## Data to process
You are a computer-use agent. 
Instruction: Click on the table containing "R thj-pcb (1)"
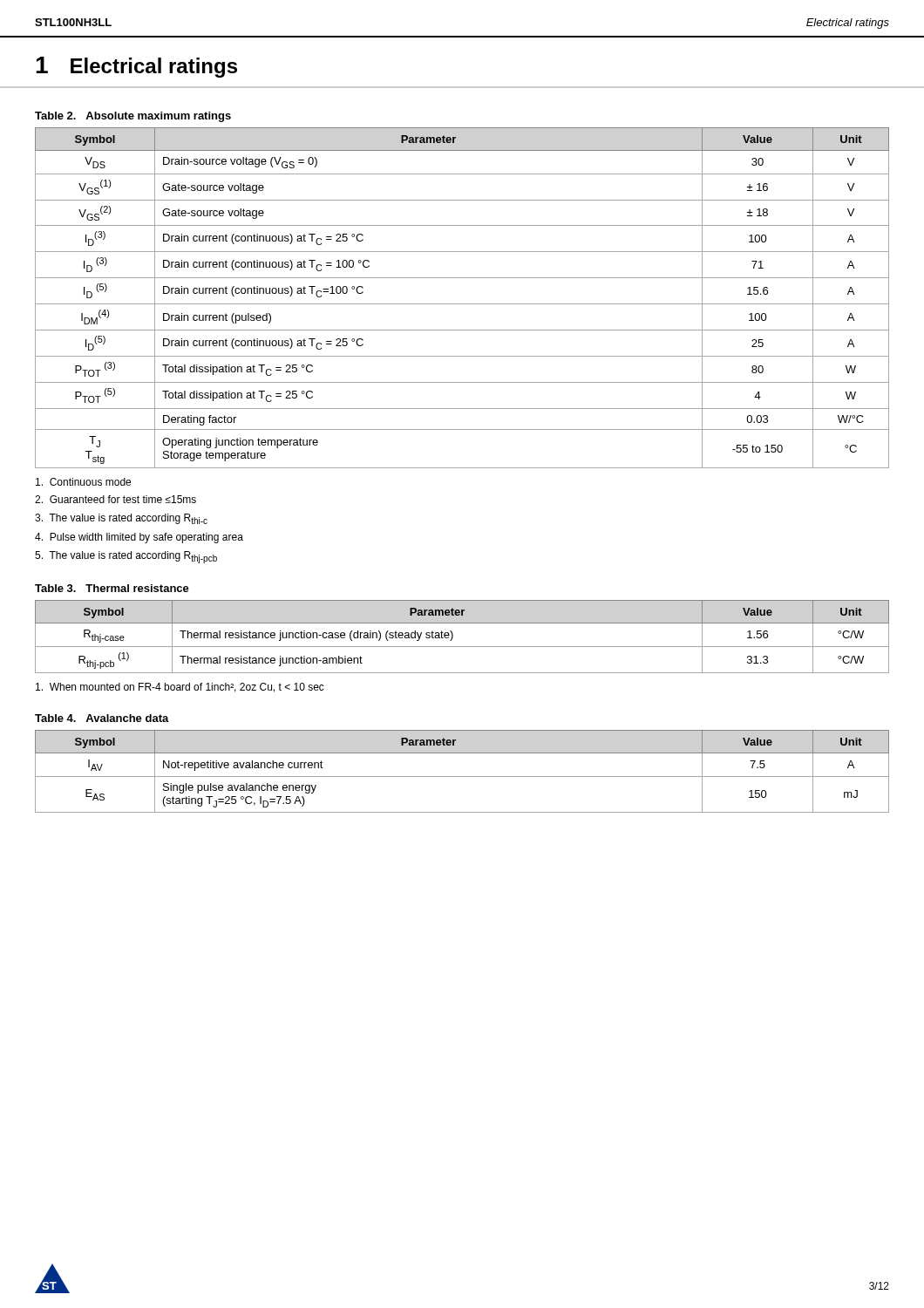point(462,636)
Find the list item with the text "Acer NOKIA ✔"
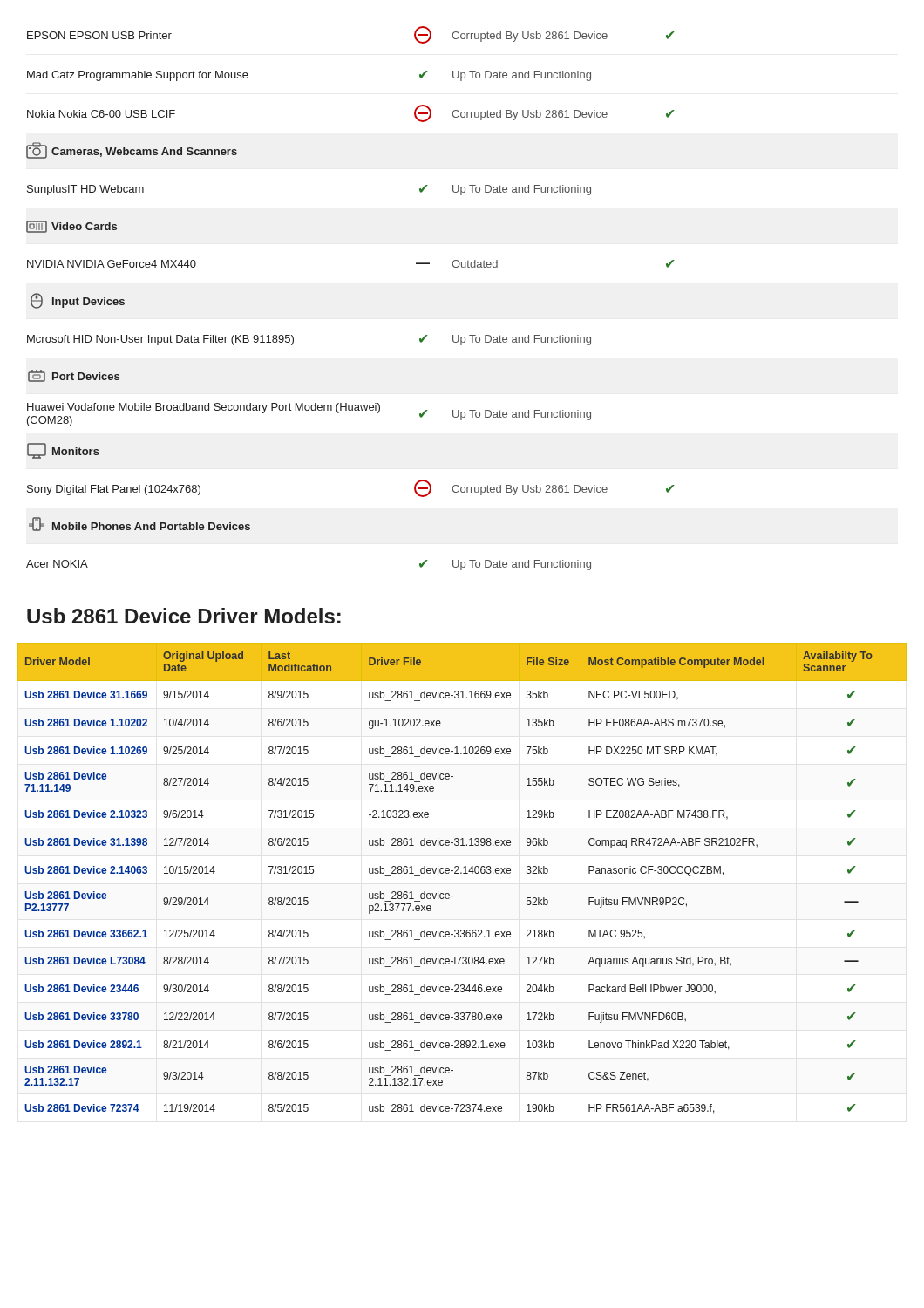This screenshot has height=1308, width=924. [57, 565]
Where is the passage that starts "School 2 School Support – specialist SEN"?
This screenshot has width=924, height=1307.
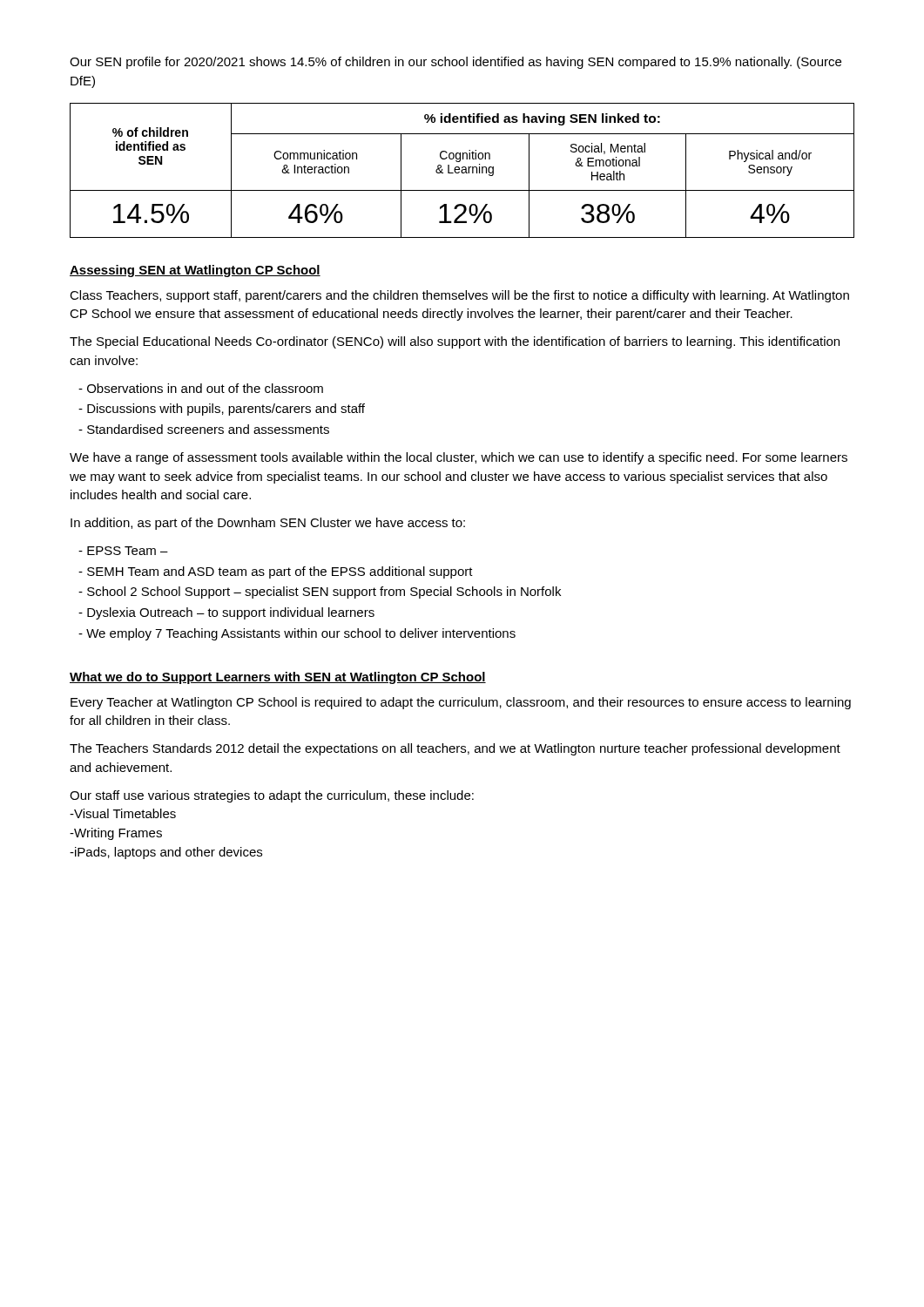pos(320,591)
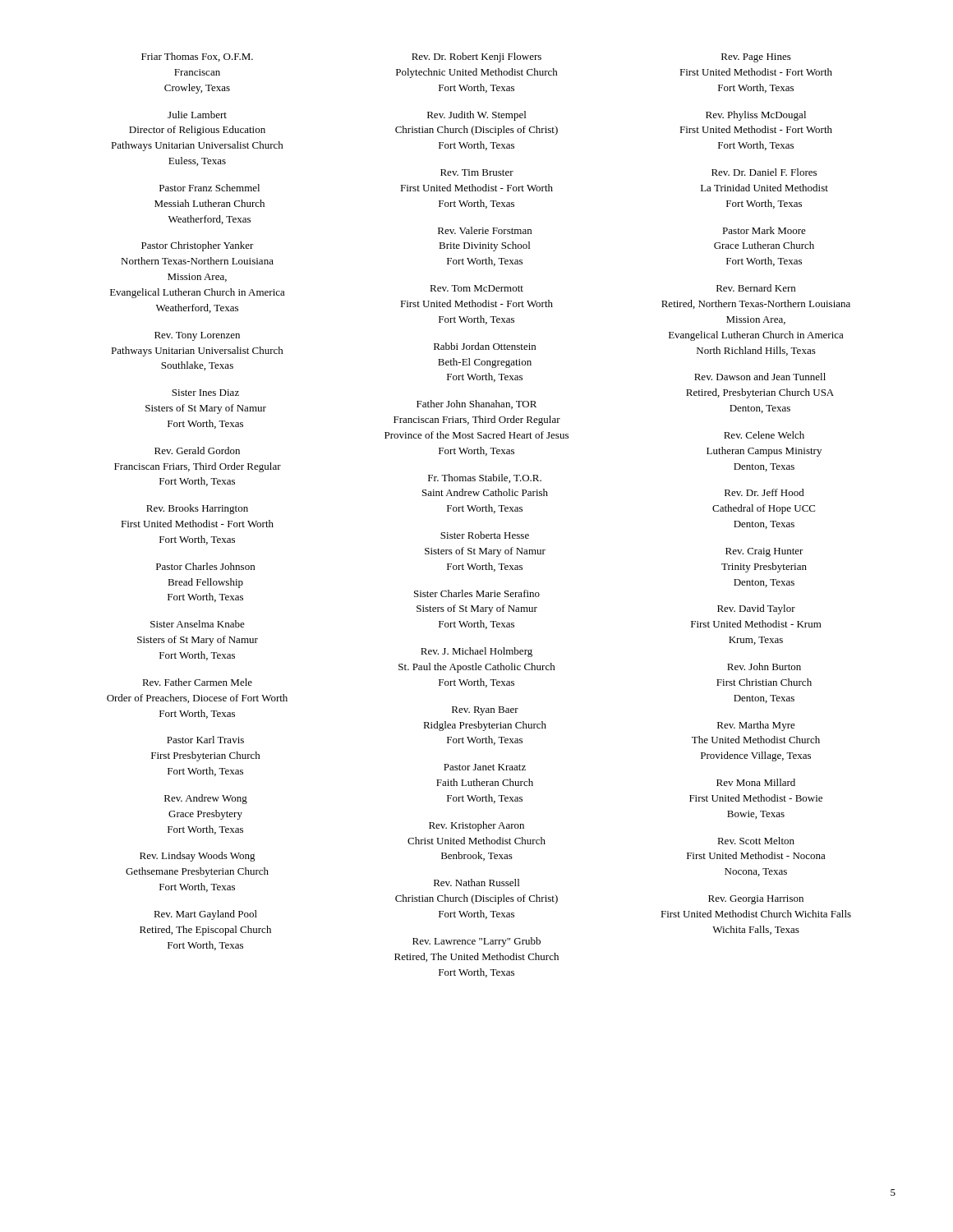Locate the region starting "Pastor Janet Kraatz Faith Lutheran Church Fort Worth,"
This screenshot has width=953, height=1232.
[485, 782]
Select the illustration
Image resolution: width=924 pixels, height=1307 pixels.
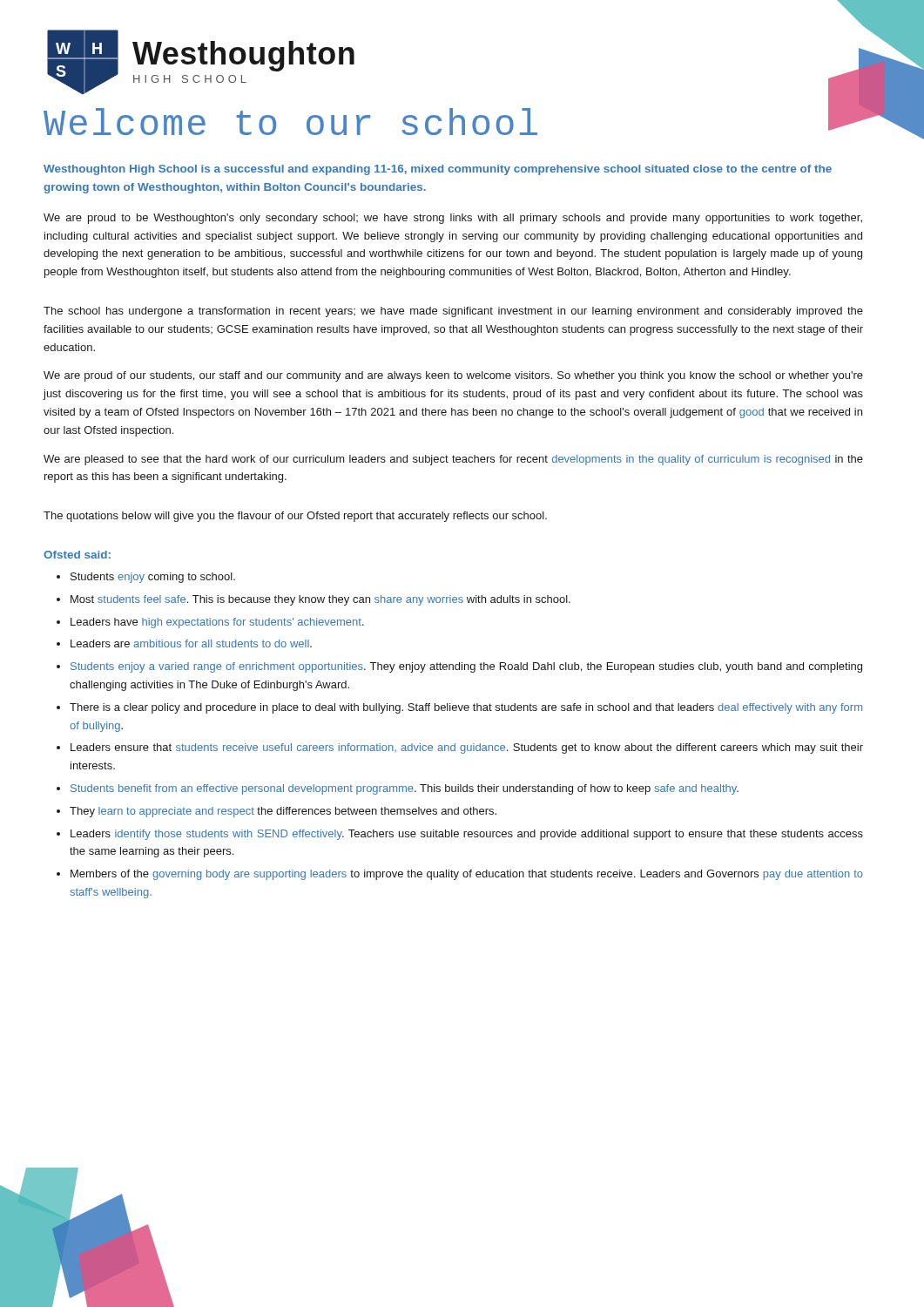[x=113, y=1211]
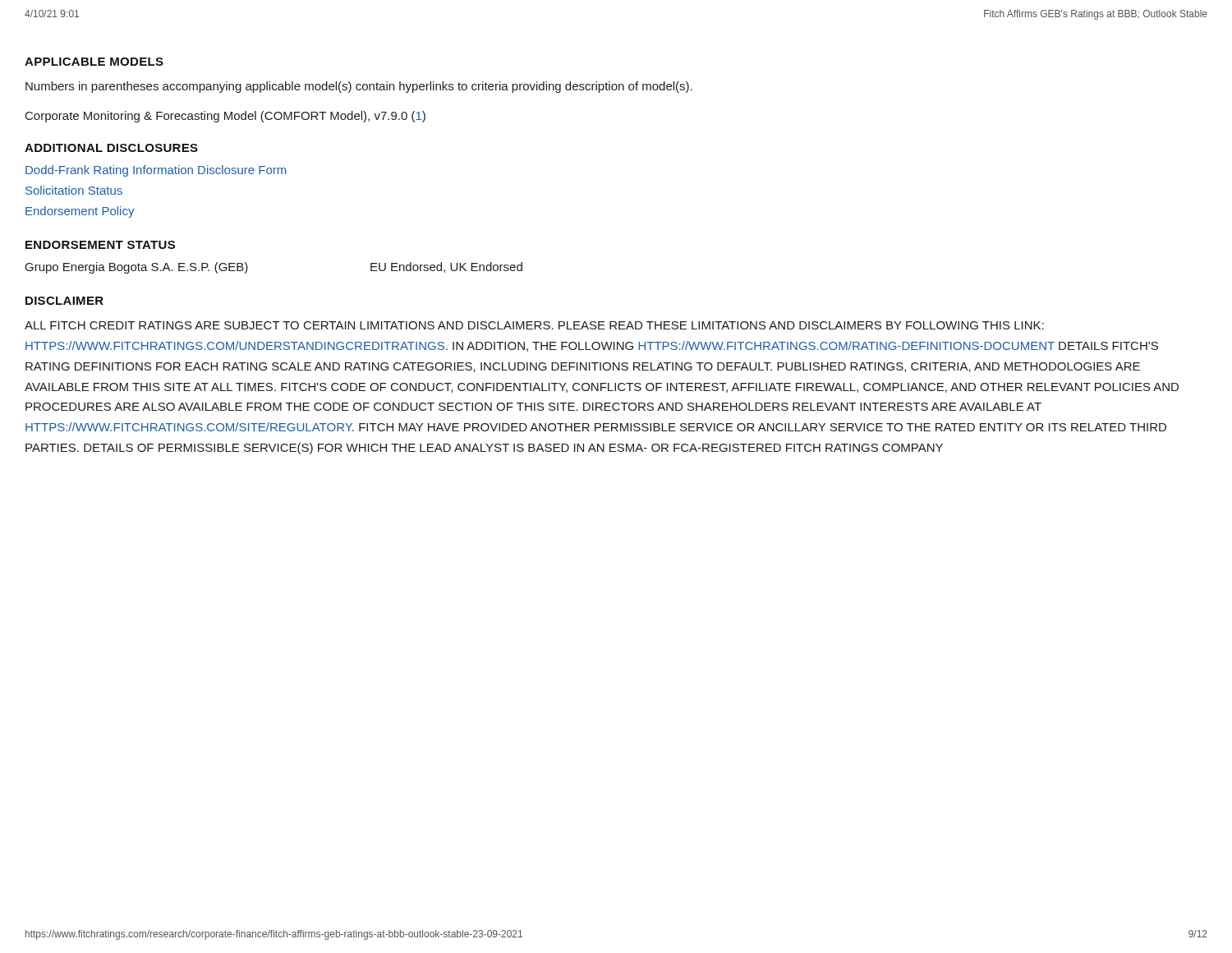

## Required action
Write the data above out again exactly, minus its pictures.

## Written response
You are a computer-use agent. 
Instruction: Click on the table containing "R thj-pcb (1)"
point(462,636)
Find the list item with the text "Acer NOKIA ✔"
This screenshot has height=1308, width=924. [57, 565]
Where is the passage that starts "School 2 School Support – specialist SEN"?
This screenshot has width=924, height=1307.
pos(320,591)
Locate the region starting "Pastor Janet Kraatz Faith Lutheran Church Fort Worth,"
This screenshot has width=953, height=1232.
[485, 782]
Select the illustration
Image resolution: width=924 pixels, height=1307 pixels.
[x=113, y=1211]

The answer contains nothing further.